YOUR ASSIGNMENT - Exactly as given, reproduce the records in full.

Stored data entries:
*-*-*

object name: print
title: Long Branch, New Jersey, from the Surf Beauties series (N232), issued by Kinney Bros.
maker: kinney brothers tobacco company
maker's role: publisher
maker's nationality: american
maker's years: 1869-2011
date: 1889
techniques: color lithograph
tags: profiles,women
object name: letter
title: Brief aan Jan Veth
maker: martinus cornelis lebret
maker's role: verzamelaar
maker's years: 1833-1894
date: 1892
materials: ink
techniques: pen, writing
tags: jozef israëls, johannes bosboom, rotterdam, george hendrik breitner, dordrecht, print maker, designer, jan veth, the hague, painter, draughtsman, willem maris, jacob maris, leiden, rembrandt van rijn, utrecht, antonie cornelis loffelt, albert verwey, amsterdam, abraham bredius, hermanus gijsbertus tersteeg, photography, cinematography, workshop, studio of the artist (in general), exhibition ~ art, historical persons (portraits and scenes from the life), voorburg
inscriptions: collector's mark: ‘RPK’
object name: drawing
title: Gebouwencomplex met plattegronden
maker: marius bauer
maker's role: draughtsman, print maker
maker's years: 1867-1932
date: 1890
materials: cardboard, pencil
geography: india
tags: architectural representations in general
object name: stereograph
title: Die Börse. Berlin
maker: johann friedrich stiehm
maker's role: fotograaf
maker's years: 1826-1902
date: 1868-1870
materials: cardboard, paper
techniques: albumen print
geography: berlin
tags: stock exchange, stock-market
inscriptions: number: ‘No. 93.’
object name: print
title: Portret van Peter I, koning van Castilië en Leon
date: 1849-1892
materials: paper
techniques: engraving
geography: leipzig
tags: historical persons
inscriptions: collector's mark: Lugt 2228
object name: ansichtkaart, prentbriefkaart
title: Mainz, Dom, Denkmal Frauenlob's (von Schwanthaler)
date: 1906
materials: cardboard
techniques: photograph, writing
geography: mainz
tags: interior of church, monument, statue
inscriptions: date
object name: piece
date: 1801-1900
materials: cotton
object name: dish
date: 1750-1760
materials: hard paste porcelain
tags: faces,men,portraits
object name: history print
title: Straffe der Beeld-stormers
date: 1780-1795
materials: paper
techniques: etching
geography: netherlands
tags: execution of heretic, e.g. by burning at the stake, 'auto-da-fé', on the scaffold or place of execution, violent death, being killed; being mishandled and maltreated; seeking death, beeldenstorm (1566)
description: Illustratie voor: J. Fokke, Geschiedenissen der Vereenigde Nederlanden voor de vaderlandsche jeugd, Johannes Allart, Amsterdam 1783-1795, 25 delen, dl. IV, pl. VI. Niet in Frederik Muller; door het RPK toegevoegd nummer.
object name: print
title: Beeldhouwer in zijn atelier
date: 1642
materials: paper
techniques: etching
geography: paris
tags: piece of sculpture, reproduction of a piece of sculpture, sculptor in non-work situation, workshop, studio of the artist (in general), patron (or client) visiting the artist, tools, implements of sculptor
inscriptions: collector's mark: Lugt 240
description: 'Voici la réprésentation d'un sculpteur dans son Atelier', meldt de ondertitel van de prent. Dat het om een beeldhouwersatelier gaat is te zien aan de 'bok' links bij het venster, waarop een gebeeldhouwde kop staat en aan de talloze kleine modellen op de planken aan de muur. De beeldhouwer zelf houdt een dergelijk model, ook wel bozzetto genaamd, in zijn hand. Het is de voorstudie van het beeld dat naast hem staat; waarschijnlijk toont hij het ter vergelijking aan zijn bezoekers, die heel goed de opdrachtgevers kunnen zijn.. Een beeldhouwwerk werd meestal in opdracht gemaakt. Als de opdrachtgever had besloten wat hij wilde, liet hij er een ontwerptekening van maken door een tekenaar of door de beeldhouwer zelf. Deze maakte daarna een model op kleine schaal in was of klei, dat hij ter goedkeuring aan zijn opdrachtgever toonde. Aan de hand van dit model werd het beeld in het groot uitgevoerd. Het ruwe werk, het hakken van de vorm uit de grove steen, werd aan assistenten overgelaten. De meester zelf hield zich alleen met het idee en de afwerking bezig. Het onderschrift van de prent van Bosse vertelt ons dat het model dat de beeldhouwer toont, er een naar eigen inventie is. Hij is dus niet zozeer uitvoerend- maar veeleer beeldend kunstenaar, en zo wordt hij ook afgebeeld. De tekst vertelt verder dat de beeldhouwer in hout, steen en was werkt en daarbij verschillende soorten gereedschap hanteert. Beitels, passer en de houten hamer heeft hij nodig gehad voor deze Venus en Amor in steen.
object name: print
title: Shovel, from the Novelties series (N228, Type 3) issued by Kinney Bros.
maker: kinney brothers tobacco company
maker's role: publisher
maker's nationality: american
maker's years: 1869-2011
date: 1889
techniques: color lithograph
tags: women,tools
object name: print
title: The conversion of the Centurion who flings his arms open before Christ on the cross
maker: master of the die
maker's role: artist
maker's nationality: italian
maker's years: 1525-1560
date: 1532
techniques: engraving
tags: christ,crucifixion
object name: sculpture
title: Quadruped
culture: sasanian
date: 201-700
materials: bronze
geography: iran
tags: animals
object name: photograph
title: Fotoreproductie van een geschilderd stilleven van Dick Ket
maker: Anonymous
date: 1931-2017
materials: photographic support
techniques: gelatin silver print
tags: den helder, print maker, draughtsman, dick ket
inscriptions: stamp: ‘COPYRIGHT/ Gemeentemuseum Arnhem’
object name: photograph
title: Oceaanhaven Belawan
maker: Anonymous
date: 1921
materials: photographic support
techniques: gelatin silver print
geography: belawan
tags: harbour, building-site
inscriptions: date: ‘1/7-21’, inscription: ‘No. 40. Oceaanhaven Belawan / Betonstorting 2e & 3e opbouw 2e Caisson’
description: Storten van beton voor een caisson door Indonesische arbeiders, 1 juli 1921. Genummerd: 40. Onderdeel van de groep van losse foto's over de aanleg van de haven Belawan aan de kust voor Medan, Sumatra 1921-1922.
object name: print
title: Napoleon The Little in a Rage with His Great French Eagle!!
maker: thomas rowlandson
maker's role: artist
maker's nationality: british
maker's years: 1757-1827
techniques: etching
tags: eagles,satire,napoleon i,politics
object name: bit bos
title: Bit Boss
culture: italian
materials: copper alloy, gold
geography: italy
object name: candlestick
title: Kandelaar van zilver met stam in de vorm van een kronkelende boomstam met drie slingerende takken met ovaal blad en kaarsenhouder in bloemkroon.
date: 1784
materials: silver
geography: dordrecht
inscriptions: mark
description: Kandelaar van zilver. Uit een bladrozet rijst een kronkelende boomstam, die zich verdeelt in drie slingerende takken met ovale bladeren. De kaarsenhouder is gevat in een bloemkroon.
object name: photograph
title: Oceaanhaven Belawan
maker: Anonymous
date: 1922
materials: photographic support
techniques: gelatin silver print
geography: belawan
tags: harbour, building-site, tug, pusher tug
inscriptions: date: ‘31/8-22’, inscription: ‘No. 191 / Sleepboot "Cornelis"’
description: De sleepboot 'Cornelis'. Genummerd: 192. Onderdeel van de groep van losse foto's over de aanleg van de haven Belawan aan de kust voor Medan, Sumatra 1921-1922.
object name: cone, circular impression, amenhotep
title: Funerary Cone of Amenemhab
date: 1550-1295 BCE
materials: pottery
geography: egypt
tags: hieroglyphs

*-*-*

RESPONSE -
object name: print
title: Long Branch, New Jersey, from the Surf Beauties series (N232), issued by Kinney Bros.
maker: kinney brothers tobacco company
maker's role: publisher
maker's nationality: american
maker's years: 1869-2011
date: 1889
techniques: color lithograph
tags: profiles,women
object name: letter
title: Brief aan Jan Veth
maker: martinus cornelis lebret
maker's role: verzamelaar
maker's years: 1833-1894
date: 1892
materials: ink
techniques: pen, writing
tags: jozef israëls, johannes bosboom, rotterdam, george hendrik breitner, dordrecht, print maker, designer, jan veth, the hague, painter, draughtsman, willem maris, jacob maris, leiden, rembrandt van rijn, utrecht, antonie cornelis loffelt, albert verwey, amsterdam, abraham bredius, hermanus gijsbertus tersteeg, photography, cinematography, workshop, studio of the artist (in general), exhibition ~ art, historical persons (portraits and scenes from the life), voorburg
inscriptions: collector's mark: ‘RPK’
object name: drawing
title: Gebouwencomplex met plattegronden
maker: marius bauer
maker's role: draughtsman, print maker
maker's years: 1867-1932
date: 1890
materials: cardboard, pencil
geography: india
tags: architectural representations in general
object name: stereograph
title: Die Börse. Berlin
maker: johann friedrich stiehm
maker's role: fotograaf
maker's years: 1826-1902
date: 1868-1870
materials: cardboard, paper
techniques: albumen print
geography: berlin
tags: stock exchange, stock-market
inscriptions: number: ‘No. 93.’
object name: print
title: Portret van Peter I, koning van Castilië en Leon
date: 1849-1892
materials: paper
techniques: engraving
geography: leipzig
tags: historical persons
inscriptions: collector's mark: Lugt 2228
object name: ansichtkaart, prentbriefkaart
title: Mainz, Dom, Denkmal Frauenlob's (von Schwanthaler)
date: 1906
materials: cardboard
techniques: photograph, writing
geography: mainz
tags: interior of church, monument, statue
inscriptions: date
object name: piece
date: 1801-1900
materials: cotton
object name: dish
date: 1750-1760
materials: hard paste porcelain
tags: faces,men,portraits
object name: history print
title: Straffe der Beeld-stormers
date: 1780-1795
materials: paper
techniques: etching
geography: netherlands
tags: execution of heretic, e.g. by burning at the stake, 'auto-da-fé', on the scaffold or place of execution, violent death, being killed; being mishandled and maltreated; seeking death, beeldenstorm (1566)
description: Illustratie voor: J. Fokke, Geschiedenissen der Vereenigde Nederlanden voor de vaderlandsche jeugd, Johannes Allart, Amsterdam 1783-1795, 25 delen, dl. IV, pl. VI. Niet in Frederik Muller; door het RPK toegevoegd nummer.
object name: print
title: Beeldhouwer in zijn atelier
date: 1642
materials: paper
techniques: etching
geography: paris
tags: piece of sculpture, reproduction of a piece of sculpture, sculptor in non-work situation, workshop, studio of the artist (in general), patron (or client) visiting the artist, tools, implements of sculptor
inscriptions: collector's mark: Lugt 240
description: 'Voici la réprésentation d'un sculpteur dans son Atelier', meldt de ondertitel van de prent. Dat het om een beeldhouwersatelier gaat is te zien aan de 'bok' links bij het venster, waarop een gebeeldhouwde kop staat en aan de talloze kleine modellen op de planken aan de muur. De beeldhouwer zelf houdt een dergelijk model, ook wel bozzetto genaamd, in zijn hand. Het is de voorstudie van het beeld dat naast hem staat; waarschijnlijk toont hij het ter vergelijking aan zijn bezoekers, die heel goed de opdrachtgevers kunnen zijn.. Een beeldhouwwerk werd meestal in opdracht gemaakt. Als de opdrachtgever had besloten wat hij wilde, liet hij er een ontwerptekening van maken door een tekenaar of door de beeldhouwer zelf. Deze maakte daarna een model op kleine schaal in was of klei, dat hij ter goedkeuring aan zijn opdrachtgever toonde. Aan de hand van dit model werd het beeld in het groot uitgevoerd. Het ruwe werk, het hakken van de vorm uit de grove steen, werd aan assistenten overgelaten. De meester zelf hield zich alleen met het idee en de afwerking bezig. Het onderschrift van de prent van Bosse vertelt ons dat het model dat de beeldhouwer toont, er een naar eigen inventie is. Hij is dus niet zozeer uitvoerend- maar veeleer beeldend kunstenaar, en zo wordt hij ook afgebeeld. De tekst vertelt verder dat de beeldhouwer in hout, steen en was werkt en daarbij verschillende soorten gereedschap hanteert. Beitels, passer en de houten hamer heeft hij nodig gehad voor deze Venus en Amor in steen.
object name: print
title: Shovel, from the Novelties series (N228, Type 3) issued by Kinney Bros.
maker: kinney brothers tobacco company
maker's role: publisher
maker's nationality: american
maker's years: 1869-2011
date: 1889
techniques: color lithograph
tags: women,tools
object name: print
title: The conversion of the Centurion who flings his arms open before Christ on the cross
maker: master of the die
maker's role: artist
maker's nationality: italian
maker's years: 1525-1560
date: 1532
techniques: engraving
tags: christ,crucifixion
object name: sculpture
title: Quadruped
culture: sasanian
date: 201-700
materials: bronze
geography: iran
tags: animals
object name: photograph
title: Fotoreproductie van een geschilderd stilleven van Dick Ket
maker: Anonymous
date: 1931-2017
materials: photographic support
techniques: gelatin silver print
tags: den helder, print maker, draughtsman, dick ket
inscriptions: stamp: ‘COPYRIGHT/ Gemeentemuseum Arnhem’
object name: photograph
title: Oceaanhaven Belawan
maker: Anonymous
date: 1921
materials: photographic support
techniques: gelatin silver print
geography: belawan
tags: harbour, building-site
inscriptions: date: ‘1/7-21’, inscription: ‘No. 40. Oceaanhaven Belawan / Betonstorting 2e & 3e opbouw 2e Caisson’
description: Storten van beton voor een caisson door Indonesische arbeiders, 1 juli 1921. Genummerd: 40. Onderdeel van de groep van losse foto's over de aanleg van de haven Belawan aan de kust voor Medan, Sumatra 1921-1922.
object name: print
title: Napoleon The Little in a Rage with His Great French Eagle!!
maker: thomas rowlandson
maker's role: artist
maker's nationality: british
maker's years: 1757-1827
techniques: etching
tags: eagles,satire,napoleon i,politics
object name: bit bos
title: Bit Boss
culture: italian
materials: copper alloy, gold
geography: italy
object name: candlestick
title: Kandelaar van zilver met stam in de vorm van een kronkelende boomstam met drie slingerende takken met ovaal blad en kaarsenhouder in bloemkroon.
date: 1784
materials: silver
geography: dordrecht
inscriptions: mark
description: Kandelaar van zilver. Uit een bladrozet rijst een kronkelende boomstam, die zich verdeelt in drie slingerende takken met ovale bladeren. De kaarsenhouder is gevat in een bloemkroon.
object name: photograph
title: Oceaanhaven Belawan
maker: Anonymous
date: 1922
materials: photographic support
techniques: gelatin silver print
geography: belawan
tags: harbour, building-site, tug, pusher tug
inscriptions: date: ‘31/8-22’, inscription: ‘No. 191 / Sleepboot "Cornelis"’
description: De sleepboot 'Cornelis'. Genummerd: 192. Onderdeel van de groep van losse foto's over de aanleg van de haven Belawan aan de kust voor Medan, Sumatra 1921-1922.
object name: cone, circular impression, amenhotep
title: Funerary Cone of Amenemhab
date: 1550-1295 BCE
materials: pottery
geography: egypt
tags: hieroglyphs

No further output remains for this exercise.